Print size and type of `X_small` and `y_small`.

In [13]:
# TODO: ADD YOUR CODE HERE
X_energy_train, X_energy_small, y_energy_train, y_energy_small = train_test_split(X_energy, y_energy, test_size=0.01 , random_state=174)
print(X_energy_small.shape, y_energy_small.shape)

(8, 8) (8, 2)


### 3.3 Train and evaluate models

1. Import `LinearRegression` from sklearn
2. Instantiate model `LinearRegression()`.
3. Create a pandas DataFrame `results` with columns: Data size, training MSE, validation MSE
4. Call your convenience function `get_regressor_mse()` using 
    - `X` and `y`
    - Only first two columns of `X` and `y`
    - `X_small` and `y_small`
5. Add the data size, training and validation MSE for each call to the `results` DataFrame
6. Print `results`

In [14]:
# TODO: ADD YOUR CODE HERE
from sklearn.linear_model import LinearRegression

LinearRegression = LinearRegression()
results = pd.DataFrame(columns=['data size', 'training mse', 'validation mse'])

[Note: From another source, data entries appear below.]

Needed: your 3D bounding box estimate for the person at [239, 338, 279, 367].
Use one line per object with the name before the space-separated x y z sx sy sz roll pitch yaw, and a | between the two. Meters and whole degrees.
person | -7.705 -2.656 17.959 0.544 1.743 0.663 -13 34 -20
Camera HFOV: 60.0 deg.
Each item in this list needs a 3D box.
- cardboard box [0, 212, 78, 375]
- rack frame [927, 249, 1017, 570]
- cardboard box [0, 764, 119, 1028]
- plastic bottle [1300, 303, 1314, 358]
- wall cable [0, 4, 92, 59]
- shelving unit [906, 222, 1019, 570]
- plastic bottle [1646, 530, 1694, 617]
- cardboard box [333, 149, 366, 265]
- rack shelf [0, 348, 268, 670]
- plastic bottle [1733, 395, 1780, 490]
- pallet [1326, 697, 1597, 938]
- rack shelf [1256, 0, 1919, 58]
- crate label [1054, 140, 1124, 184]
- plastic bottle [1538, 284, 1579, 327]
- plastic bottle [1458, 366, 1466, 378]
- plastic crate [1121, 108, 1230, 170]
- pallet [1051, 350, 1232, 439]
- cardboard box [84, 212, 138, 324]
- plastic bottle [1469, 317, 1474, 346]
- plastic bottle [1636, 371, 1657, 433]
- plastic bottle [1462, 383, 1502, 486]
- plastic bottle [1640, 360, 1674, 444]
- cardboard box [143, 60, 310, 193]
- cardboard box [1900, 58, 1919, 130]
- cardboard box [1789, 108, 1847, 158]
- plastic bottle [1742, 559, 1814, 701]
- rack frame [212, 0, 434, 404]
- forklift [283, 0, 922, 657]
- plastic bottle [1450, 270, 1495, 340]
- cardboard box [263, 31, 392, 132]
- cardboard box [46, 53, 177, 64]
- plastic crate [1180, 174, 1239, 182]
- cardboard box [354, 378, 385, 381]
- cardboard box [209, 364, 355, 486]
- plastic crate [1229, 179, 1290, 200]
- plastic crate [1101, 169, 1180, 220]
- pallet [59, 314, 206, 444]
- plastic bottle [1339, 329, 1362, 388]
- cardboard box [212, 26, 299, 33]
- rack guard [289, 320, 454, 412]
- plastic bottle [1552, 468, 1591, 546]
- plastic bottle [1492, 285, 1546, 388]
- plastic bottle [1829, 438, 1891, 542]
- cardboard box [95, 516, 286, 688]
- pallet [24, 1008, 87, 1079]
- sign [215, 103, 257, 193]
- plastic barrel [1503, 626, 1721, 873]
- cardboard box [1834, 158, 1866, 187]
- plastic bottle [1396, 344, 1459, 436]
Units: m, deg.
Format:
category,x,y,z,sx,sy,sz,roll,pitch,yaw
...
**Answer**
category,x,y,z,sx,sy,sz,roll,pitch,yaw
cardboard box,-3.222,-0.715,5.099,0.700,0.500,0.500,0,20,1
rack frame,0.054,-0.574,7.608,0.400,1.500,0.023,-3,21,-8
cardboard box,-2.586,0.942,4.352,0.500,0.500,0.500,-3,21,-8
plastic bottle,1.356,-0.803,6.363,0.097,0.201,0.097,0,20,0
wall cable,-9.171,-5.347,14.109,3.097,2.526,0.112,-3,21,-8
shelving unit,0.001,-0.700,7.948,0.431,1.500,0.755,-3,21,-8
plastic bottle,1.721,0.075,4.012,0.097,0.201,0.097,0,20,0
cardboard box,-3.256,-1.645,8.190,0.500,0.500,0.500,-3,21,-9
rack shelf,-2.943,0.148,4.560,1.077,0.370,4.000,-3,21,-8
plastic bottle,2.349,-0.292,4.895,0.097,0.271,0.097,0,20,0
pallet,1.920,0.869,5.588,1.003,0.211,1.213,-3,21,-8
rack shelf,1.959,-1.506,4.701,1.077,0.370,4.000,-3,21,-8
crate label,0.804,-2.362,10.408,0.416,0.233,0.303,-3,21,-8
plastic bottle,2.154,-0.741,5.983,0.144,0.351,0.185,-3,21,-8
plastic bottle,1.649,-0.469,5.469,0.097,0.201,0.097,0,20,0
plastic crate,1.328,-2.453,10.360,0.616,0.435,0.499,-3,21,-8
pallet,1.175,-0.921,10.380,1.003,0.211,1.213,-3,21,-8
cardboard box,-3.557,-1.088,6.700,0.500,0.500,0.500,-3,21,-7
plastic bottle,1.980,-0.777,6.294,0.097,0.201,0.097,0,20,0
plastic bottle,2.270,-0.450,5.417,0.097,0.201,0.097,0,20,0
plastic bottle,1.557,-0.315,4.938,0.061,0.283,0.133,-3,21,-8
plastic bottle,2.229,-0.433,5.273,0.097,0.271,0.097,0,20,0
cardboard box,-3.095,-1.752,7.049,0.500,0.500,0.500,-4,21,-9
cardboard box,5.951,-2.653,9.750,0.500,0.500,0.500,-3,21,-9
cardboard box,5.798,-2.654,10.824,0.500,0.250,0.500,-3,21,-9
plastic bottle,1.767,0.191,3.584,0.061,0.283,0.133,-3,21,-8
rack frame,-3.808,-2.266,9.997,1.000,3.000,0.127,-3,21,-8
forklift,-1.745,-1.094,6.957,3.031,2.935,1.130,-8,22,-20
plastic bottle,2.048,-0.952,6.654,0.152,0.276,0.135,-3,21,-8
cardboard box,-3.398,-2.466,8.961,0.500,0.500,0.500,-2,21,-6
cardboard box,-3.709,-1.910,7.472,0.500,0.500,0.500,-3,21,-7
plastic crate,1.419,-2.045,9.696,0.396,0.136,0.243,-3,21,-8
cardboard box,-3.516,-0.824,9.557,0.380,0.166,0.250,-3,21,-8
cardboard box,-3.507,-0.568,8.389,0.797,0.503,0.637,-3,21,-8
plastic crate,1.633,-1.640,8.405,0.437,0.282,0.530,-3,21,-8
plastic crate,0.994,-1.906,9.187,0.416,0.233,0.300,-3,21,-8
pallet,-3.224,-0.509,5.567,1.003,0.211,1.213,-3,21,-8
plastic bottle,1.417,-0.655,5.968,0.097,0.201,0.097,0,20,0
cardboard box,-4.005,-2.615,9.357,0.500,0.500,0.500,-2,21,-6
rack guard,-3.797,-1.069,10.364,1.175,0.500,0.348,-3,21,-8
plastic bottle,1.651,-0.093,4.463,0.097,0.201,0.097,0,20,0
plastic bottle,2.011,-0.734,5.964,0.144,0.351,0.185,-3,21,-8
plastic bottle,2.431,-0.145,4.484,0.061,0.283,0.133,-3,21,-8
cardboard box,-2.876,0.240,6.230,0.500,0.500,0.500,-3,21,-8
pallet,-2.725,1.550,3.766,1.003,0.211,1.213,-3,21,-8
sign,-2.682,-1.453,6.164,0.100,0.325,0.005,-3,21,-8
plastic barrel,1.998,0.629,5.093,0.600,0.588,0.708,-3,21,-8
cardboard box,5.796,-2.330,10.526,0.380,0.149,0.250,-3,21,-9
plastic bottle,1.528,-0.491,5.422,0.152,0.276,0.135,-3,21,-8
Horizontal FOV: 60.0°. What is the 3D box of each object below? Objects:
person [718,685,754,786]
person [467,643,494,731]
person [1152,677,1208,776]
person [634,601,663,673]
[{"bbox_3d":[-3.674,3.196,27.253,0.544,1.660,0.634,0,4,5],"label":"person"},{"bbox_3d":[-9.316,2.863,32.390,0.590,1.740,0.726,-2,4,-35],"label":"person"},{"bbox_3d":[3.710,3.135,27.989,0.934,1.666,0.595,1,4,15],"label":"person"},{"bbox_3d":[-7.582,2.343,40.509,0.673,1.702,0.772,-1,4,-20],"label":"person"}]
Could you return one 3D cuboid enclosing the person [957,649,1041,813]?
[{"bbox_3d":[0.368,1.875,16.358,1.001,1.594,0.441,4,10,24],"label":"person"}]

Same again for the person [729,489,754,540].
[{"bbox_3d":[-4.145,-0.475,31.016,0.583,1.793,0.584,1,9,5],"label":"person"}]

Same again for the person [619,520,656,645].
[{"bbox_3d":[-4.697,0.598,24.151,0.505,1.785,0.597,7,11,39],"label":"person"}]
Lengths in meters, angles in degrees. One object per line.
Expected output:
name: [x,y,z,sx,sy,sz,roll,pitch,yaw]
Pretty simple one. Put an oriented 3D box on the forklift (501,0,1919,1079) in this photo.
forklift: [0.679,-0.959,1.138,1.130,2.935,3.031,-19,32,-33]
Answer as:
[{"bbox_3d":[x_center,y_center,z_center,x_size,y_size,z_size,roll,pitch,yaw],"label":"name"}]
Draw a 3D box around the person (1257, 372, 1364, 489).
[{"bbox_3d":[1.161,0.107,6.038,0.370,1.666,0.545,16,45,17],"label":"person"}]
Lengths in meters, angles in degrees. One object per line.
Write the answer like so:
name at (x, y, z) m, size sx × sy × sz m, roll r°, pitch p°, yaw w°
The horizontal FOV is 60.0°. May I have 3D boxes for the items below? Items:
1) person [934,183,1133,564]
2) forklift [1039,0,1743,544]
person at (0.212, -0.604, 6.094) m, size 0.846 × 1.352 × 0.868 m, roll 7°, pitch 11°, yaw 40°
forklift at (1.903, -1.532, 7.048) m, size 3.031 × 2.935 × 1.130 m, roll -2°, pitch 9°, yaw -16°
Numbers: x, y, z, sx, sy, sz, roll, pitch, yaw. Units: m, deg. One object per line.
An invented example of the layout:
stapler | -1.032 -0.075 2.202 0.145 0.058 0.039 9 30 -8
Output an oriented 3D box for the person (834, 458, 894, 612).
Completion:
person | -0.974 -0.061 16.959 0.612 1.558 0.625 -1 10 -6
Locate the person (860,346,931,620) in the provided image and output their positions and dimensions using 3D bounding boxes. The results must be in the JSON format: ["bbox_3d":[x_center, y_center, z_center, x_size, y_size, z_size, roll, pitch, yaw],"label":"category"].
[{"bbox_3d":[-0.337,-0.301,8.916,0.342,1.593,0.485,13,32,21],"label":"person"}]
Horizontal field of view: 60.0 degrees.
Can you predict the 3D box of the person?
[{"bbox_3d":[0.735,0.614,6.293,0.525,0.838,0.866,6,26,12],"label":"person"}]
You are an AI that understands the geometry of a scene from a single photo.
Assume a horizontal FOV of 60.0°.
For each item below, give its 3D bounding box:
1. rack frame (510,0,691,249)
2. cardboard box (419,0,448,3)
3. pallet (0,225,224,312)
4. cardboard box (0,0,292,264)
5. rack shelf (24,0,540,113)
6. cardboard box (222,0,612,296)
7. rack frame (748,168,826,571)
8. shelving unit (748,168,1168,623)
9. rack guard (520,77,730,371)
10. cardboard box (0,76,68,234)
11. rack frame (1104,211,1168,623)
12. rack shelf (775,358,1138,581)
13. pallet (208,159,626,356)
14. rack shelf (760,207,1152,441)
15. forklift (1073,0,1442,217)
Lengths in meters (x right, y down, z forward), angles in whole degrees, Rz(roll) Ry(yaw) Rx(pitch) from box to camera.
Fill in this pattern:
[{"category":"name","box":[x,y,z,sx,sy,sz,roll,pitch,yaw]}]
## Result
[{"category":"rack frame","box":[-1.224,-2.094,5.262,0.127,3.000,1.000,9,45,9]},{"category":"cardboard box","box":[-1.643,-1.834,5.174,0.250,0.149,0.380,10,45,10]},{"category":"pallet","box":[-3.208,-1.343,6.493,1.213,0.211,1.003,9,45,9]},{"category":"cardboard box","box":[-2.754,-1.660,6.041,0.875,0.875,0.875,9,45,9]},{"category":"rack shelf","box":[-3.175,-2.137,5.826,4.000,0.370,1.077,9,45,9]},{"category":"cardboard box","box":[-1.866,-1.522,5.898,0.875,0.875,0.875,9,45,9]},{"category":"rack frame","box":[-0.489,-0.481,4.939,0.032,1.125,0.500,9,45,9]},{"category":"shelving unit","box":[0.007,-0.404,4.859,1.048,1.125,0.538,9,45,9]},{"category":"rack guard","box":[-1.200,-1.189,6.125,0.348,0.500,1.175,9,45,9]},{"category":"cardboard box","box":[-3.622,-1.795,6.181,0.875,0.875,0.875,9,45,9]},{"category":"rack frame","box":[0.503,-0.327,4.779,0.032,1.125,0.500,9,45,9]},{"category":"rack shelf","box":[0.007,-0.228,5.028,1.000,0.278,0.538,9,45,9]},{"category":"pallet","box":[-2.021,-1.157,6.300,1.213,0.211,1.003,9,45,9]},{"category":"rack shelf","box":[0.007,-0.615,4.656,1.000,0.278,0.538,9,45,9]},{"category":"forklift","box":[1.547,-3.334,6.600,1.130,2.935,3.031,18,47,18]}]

results.loc[0] = ['full', *get_regressor_mse(LinearRegression, X_energy, y_energy)]
results.loc[1] = ['two features', *get_regressor_mse(LinearRegression, X_energy_train.iloc[:, :2], y_energy_train)]
results.loc[2] = ['small', *get_regressor_mse(LinearRegression, X_energy_small, y_energy_small)]

results

Unnamed: 0,data size,training mse,validation mse
0,full,9.048134,10.372558
1,two features,49.47659,42.228256
2,small,8.616202e-27,436.726767


### 3.4 Questions
1. What is the validation MSE using all data? What is the difference between training and validation MSE?
1. How does the validation MSE and difference between training and validation change when only two columns are used? Provide values.
1. How does the validation MSE and difference between training and validation change when only 1% of the rows are used? Provide values.

*YOUR ANSWERS HERE*
1. The validation MSE using all data is **10.372558**. The difference between training and validation MSE is **-1.324424**.
2. The difference between training and validation MSE is **-37.280597**.
3. The difference between training and validation MSE is **-436.726767**.


## 4. Observations/Interpretation

Describe any pattern you see in the results. Relate your findings to what we discussed during lectures. Include data to justify your findings.


*ADD YOUR FINDINGS HERE*

The results from the Classification and Regression sections reveal a clear pattern. When utilizing all of the available data, the model's performance is consistently strong, with a minimal difference between training and validation accuracy/MSE. On the other hand, when only a limited portion of the data (1%) is used, the model struggles to learn the patterns in the data and fails to generalize well, resulting in a substantial discrepancy between the training and validation accuracy/MSE.

The data proves this claim since:
- The Logistic Regression model shows a difference of 0.016522 between training and validation accuracy with all data, and 0.1666667 with 1% of data.
- The Linear Regression model displays a difference of -1.324424 between training and validation MSE with all data, and -436.726767 with 1% of data.

## 5. Reflection
Include a sentence or two about:
- what you liked or disliked,
- found interesting, confusing, challangeing, motivating
while working on this assignment.


*ADD YOUR THOUGHTS HERE*

I enjoyed the process of creating my own Linear Regression and Logistic Regression models and using them to predict data. It was interesting to see how different data sizes affect the training and validation accuracy of the models.